Data for processing
=== Section Start ===

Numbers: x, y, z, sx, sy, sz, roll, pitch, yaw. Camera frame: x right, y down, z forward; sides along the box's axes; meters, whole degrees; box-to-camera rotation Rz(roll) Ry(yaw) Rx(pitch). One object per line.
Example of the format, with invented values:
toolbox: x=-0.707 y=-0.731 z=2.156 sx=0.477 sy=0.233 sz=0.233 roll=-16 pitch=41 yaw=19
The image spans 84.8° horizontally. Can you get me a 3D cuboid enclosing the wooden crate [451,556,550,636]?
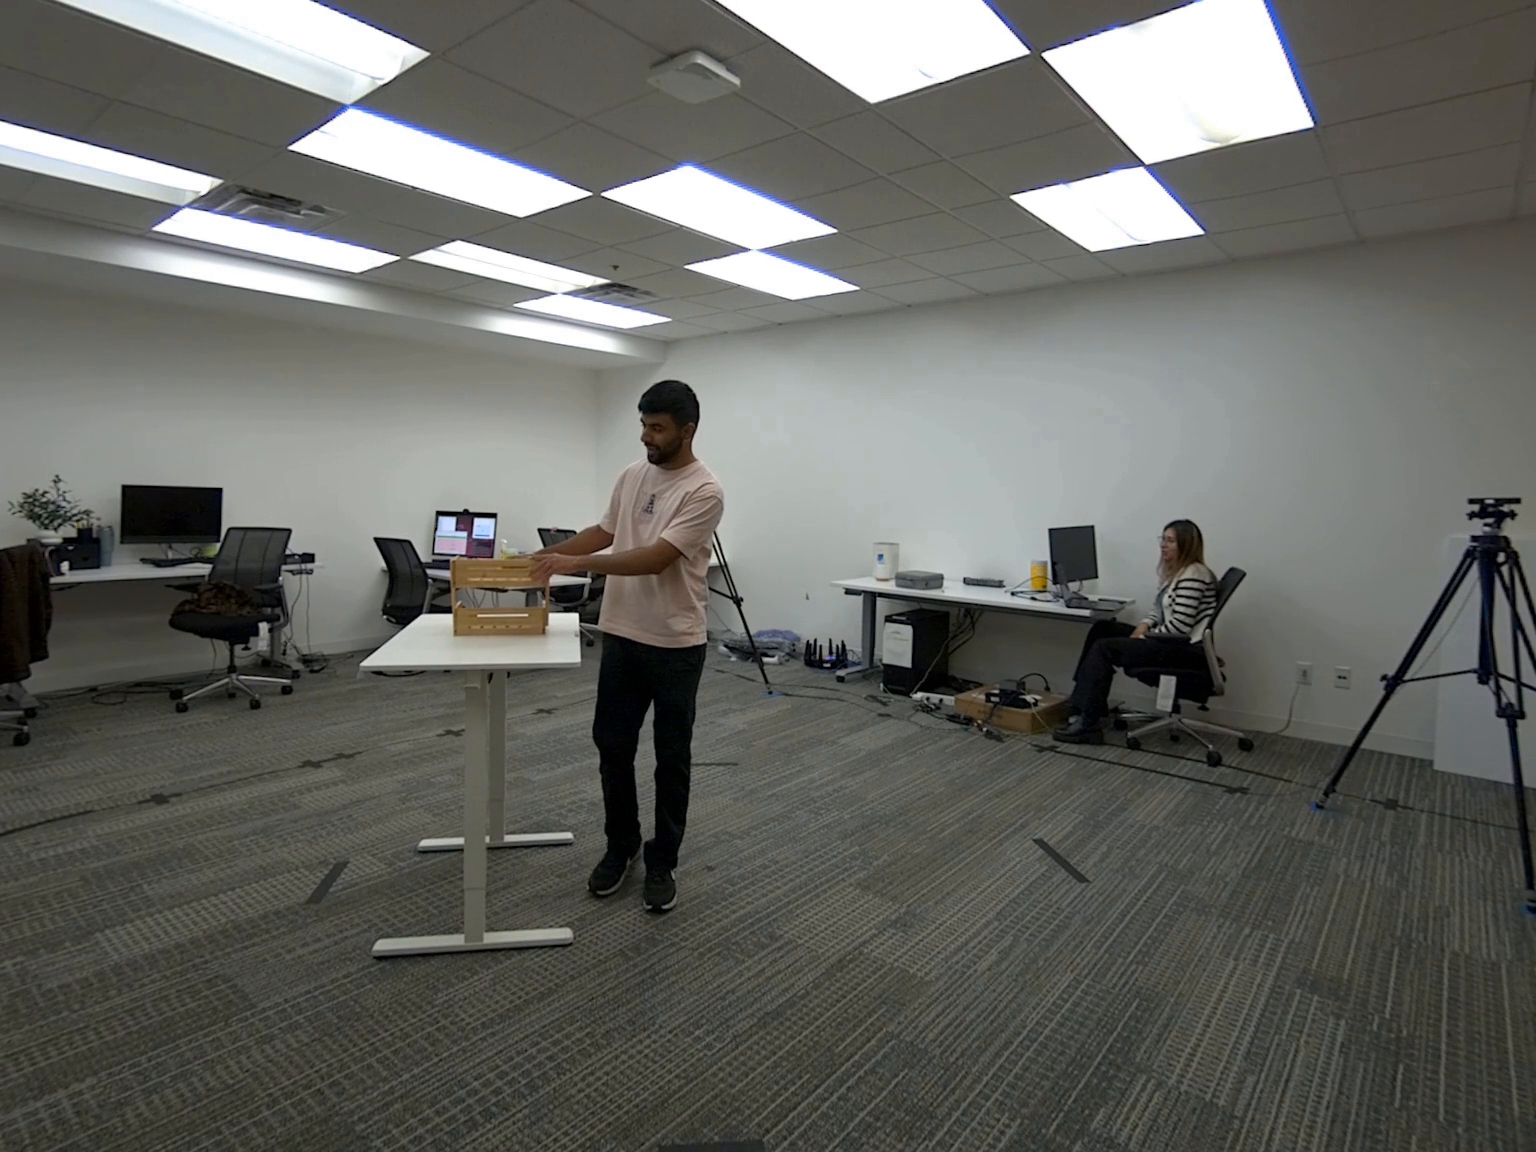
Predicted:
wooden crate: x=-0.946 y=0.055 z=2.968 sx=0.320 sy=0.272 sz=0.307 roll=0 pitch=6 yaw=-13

=== Section End ===
=== Section Start ===

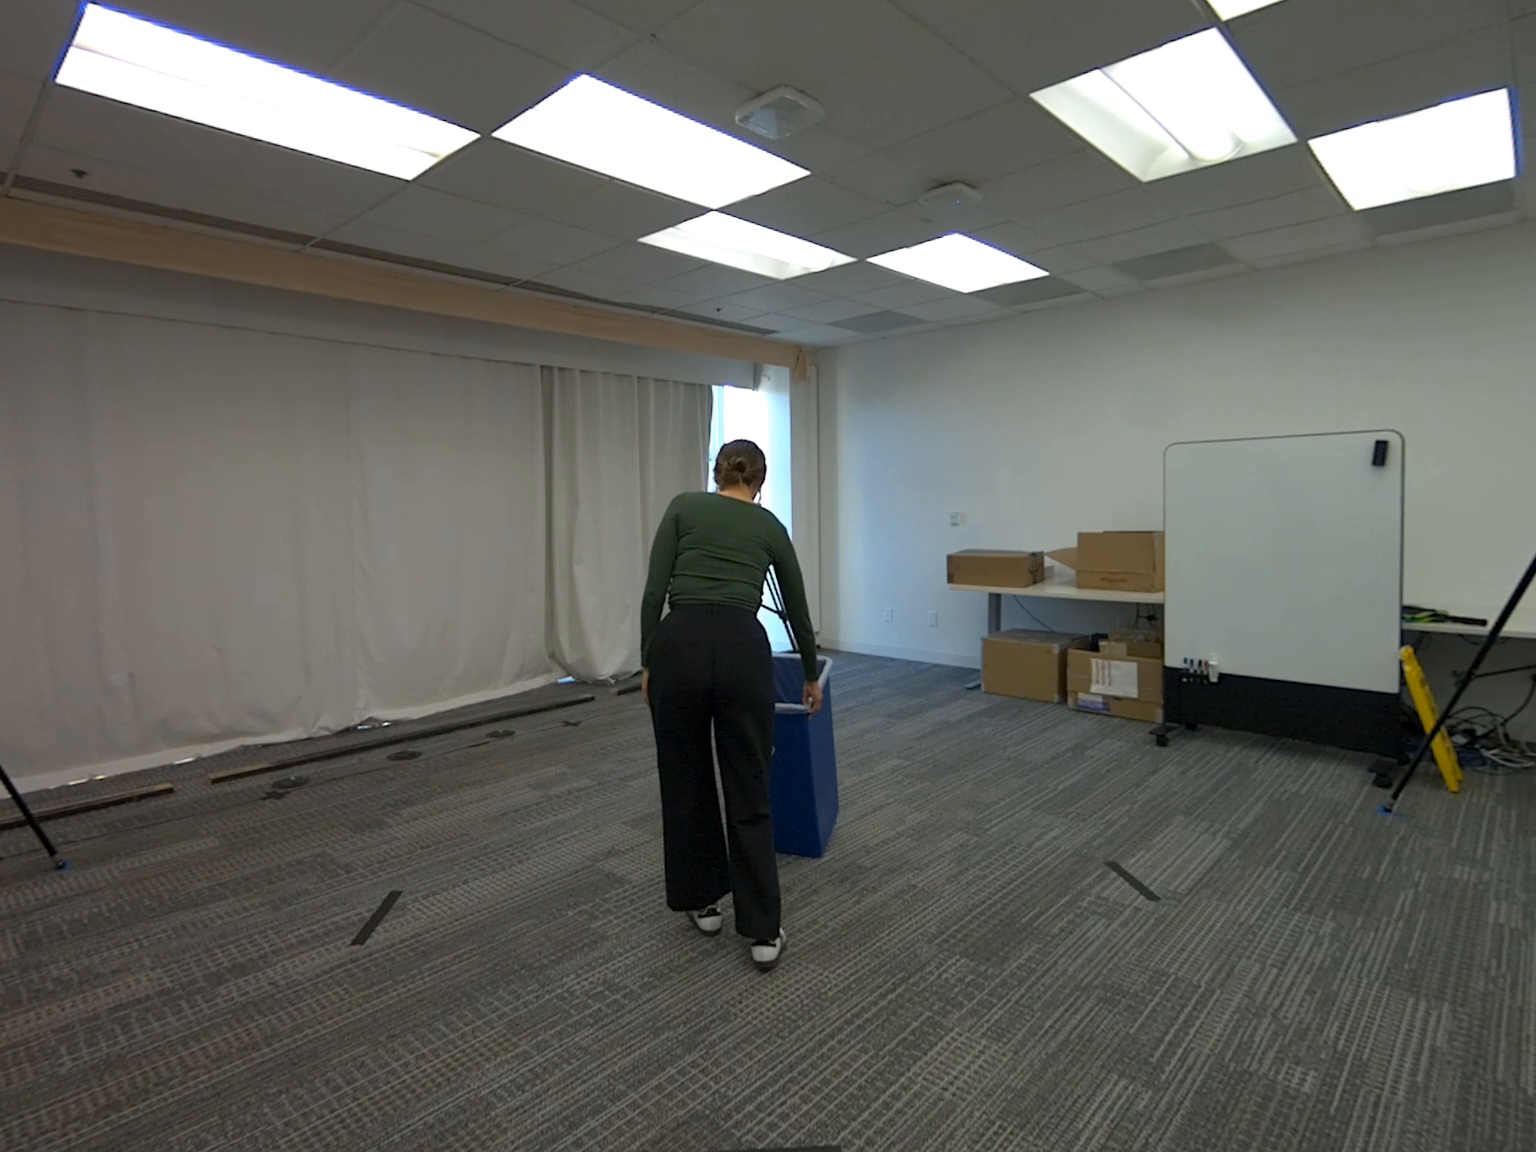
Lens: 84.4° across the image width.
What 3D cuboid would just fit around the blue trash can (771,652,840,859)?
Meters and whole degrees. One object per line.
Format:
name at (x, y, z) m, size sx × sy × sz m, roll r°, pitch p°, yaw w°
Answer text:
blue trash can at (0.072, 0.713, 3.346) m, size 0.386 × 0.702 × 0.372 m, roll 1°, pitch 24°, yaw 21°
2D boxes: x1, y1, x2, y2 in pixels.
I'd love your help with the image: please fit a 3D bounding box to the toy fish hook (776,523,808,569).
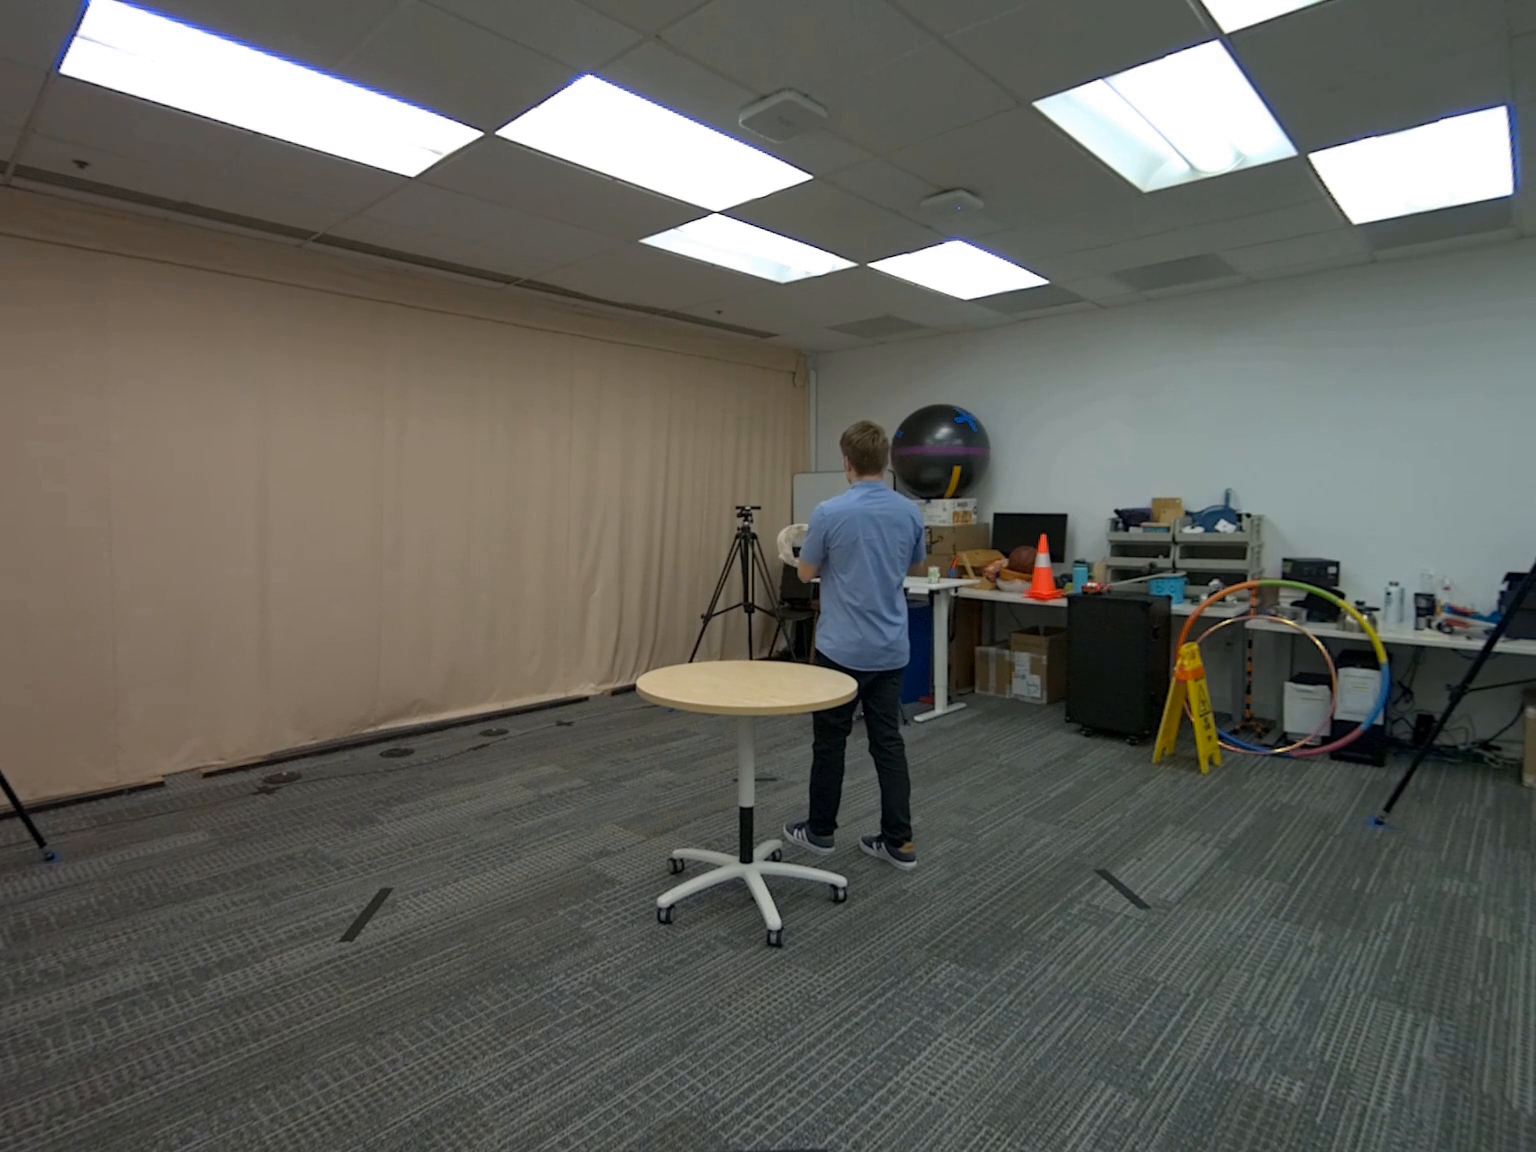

=== Section End ===
=== Section Start ===

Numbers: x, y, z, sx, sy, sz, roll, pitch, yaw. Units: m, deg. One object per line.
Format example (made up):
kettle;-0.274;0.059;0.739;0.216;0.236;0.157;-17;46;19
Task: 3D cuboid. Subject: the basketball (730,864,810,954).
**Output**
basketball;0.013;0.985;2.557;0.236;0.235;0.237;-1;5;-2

=== Section End ===

Your task
In the listing above, find the line containing "Example of the" and the line containing "The image spans", then repeat those two lines and everything between them exactly.

Completed task
Example of the format, with invented values:
toolbox: x=-0.707 y=-0.731 z=2.156 sx=0.477 sy=0.233 sz=0.233 roll=-16 pitch=41 yaw=19
The image spans 84.8° horizontally. Can you get me a 3D cuboid enclosing the wooden crate [451,556,550,636]?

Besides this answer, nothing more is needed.